His dream of working in the hotel industry is shattered and he has become just another alarming statistic in Indonesia's creeping nightmare – an illegal drugs epidemic the Indonesian government has declared is a major nationwide threat.

A survey this year by the national narcotics body found that the number of drug abusers has jumped from 1 per cent to 3.9 per cent of Indonesia's 220 million inhabitants, compared with a year ago.

Officials attribute the escalation to soaring supplies which have pushed prices down and made the drugs affordable for youngsters and the less privileged.

At 5,000 rupiah (90 Singapore cents) a milligram, the price of low-grade heroin, is on a par with the cost of a meal in a decent restaurant. The price is a third of what it was eight years ago.
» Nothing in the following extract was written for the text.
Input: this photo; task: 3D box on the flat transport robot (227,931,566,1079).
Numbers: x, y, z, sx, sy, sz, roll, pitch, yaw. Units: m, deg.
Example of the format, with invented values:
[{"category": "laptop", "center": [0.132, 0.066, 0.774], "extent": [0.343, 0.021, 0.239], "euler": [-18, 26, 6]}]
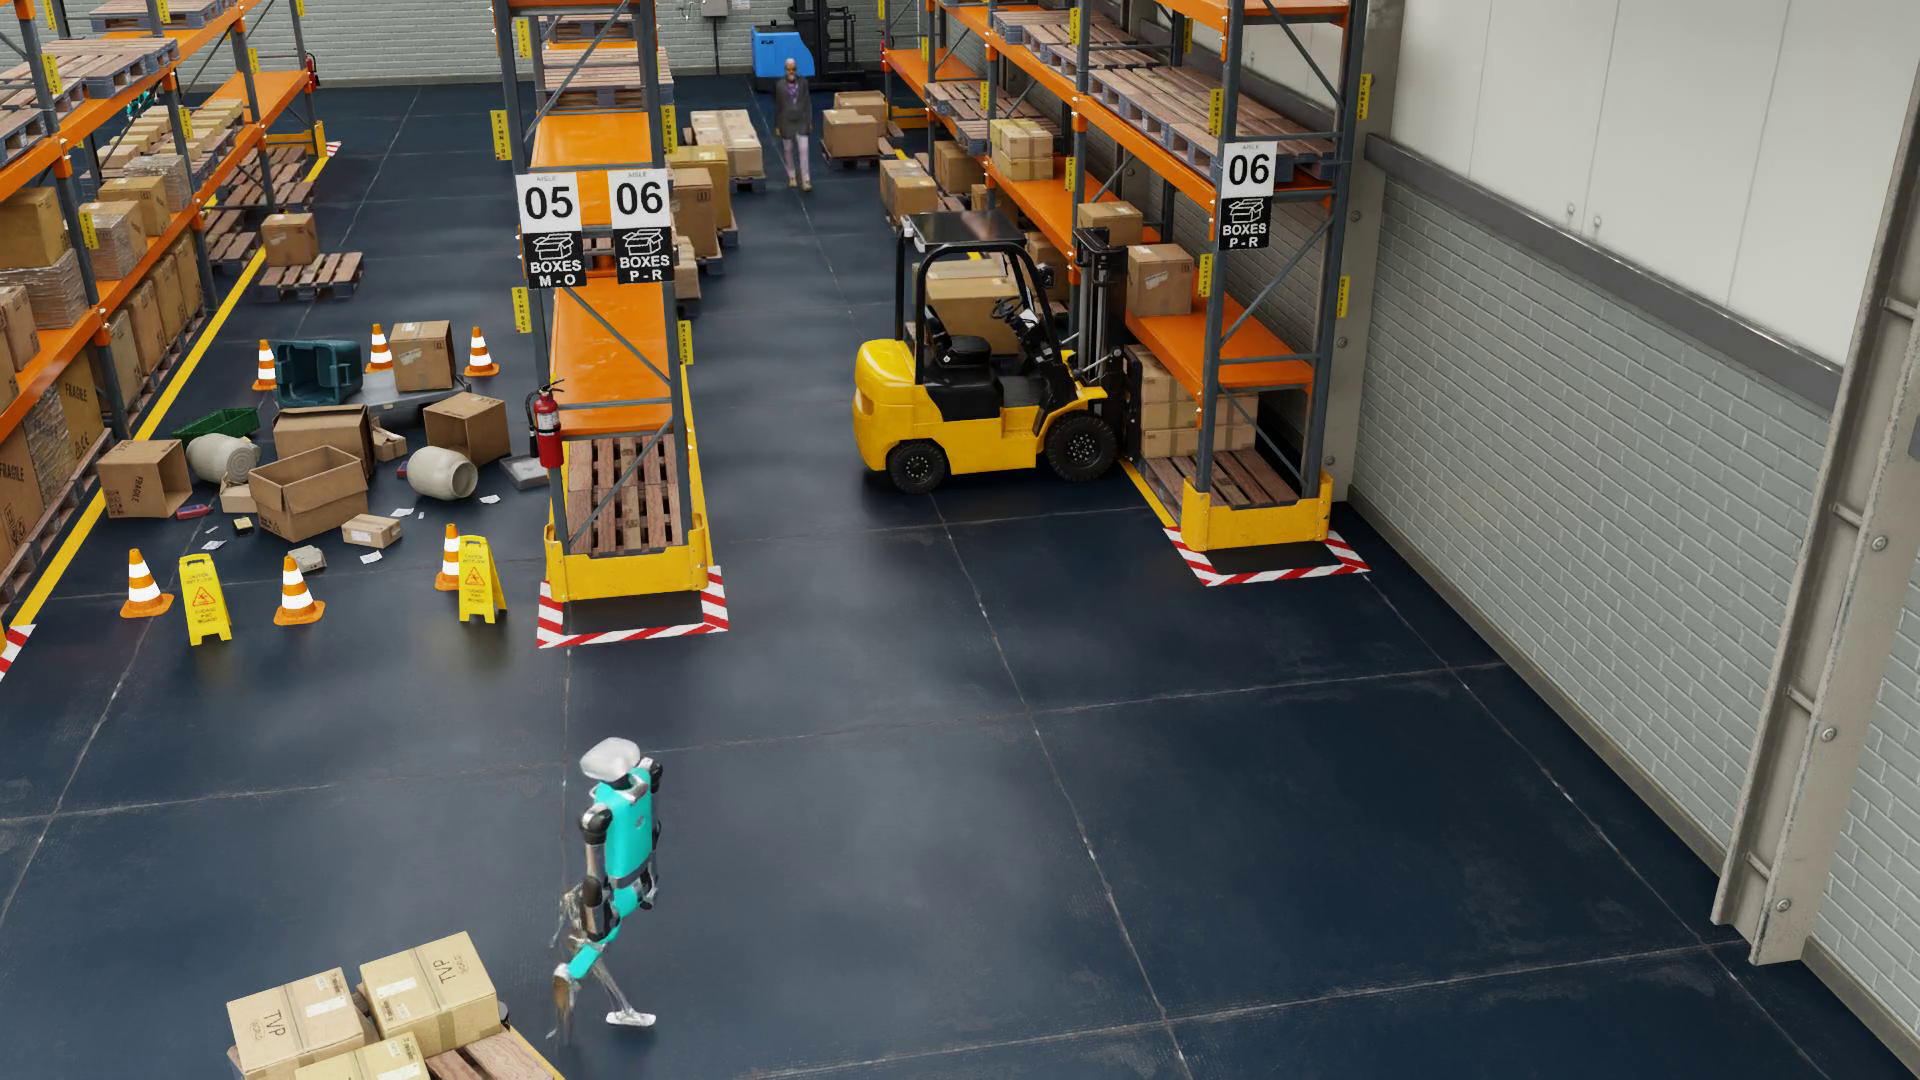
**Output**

The Ministry of Health estimates the number of intravenous drugs users at 169,000, with more than one third HIV-positive. Other studies show that one out of every 50 Indonesians are drug users and two in 10 are involved in trafficking. Most users are aged between 15 and 30 but children as young as 12 have been caught using or trafficking.

The grim figures all add up to a drastic need for action but while trafficking is a capital offence – more than 30 people are on death row – the big syndicates remain out of reach.
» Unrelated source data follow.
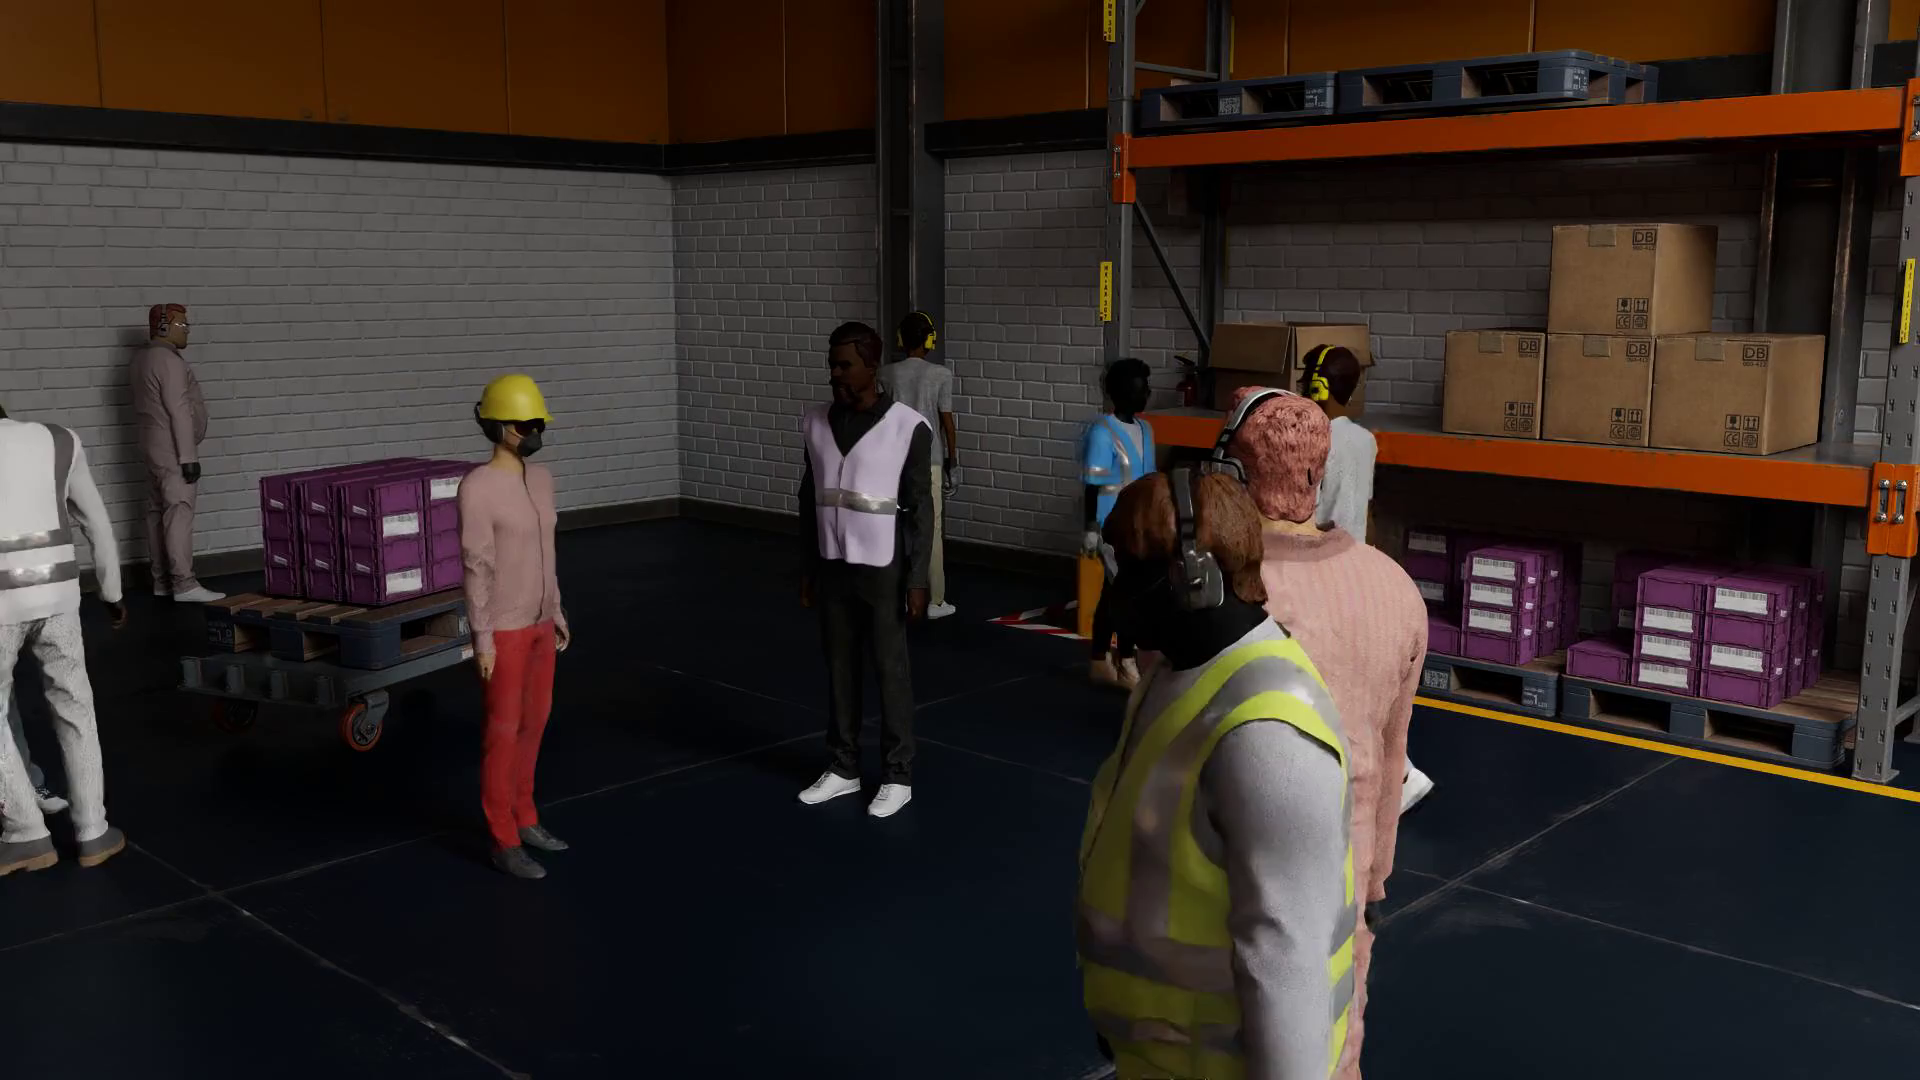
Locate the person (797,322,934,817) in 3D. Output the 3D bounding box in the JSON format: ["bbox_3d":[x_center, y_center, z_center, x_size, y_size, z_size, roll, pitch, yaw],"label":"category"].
[{"bbox_3d":[-0.374,0.111,6.507,0.598,1.917,0.375,6,11,31],"label":"person"}]

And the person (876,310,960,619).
[{"bbox_3d":[-0.258,-0.450,10.094,0.532,1.871,0.321,2,10,13],"label":"person"}]

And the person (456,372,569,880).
[{"bbox_3d":[-1.551,0.295,5.862,0.325,1.771,0.533,3,10,17],"label":"person"}]

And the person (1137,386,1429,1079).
[{"bbox_3d":[0.549,0.669,3.125,0.639,1.908,0.409,-6,11,-33],"label":"person"}]

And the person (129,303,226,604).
[{"bbox_3d":[-5.006,-0.551,10.613,0.400,1.905,0.643,-9,13,-43],"label":"person"}]

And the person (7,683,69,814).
[{"bbox_3d":[-3.740,0.312,6.240,0.663,1.591,0.575,2,9,10],"label":"person"}]

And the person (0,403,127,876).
[{"bbox_3d":[-3.262,0.248,5.855,0.362,1.867,0.728,7,12,38],"label":"person"}]

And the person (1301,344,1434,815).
[{"bbox_3d":[1.465,0.163,6.461,0.887,1.842,0.526,8,12,39],"label":"person"}]

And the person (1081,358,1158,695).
[{"bbox_3d":[0.870,-0.056,8.236,0.611,1.672,0.554,6,11,34],"label":"person"}]

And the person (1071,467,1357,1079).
[{"bbox_3d":[0.365,0.797,2.619,0.477,1.817,0.661,0,9,0],"label":"person"}]

Indeed, Indonesia's war against drugs has been criticised for being "half- baked" and rife with irregularities. Drug offences abound in inner city slums like Kampung Bali in Jakarta, where the unemployment rate is about 60 per cent, but drug distribution has expanded well beyond city centres into far-flung towns, leafy suburbs, schools and even prisons.

With drug-related cases accounting for 50 per cent of convicts behind bars, prisons are a hotbed for business. Jailed dealers stay in touch on their cell phones and drugs are smuggled in cookies or other food while corrupt guards turn a blind eye.

Although many drug traffickers are nabbed at airports, the scores of shipping ports are neglected. Said a narcotics police officer: "Drugs transported by air at the most account for 3 to 5 per cent of the narcotics distribution, the remaining 97 per cent is transported by sea." He estimated that a total of 60 tonnes of illegal substances hidden inside furniture products, tyres and other container goods are smuggled in every month through more than a hundred official entry points.

Deputy Director of the Narcotics Division in the National Police Senior Commissioner Adang Rohjana told The Straits Times: "It is nearly impossible to check all the containers. They are too big and just too many." And with notoriously corrupt Customs officials and police at shipping ports, observers said drug smuggling had continued unhindered for a long time.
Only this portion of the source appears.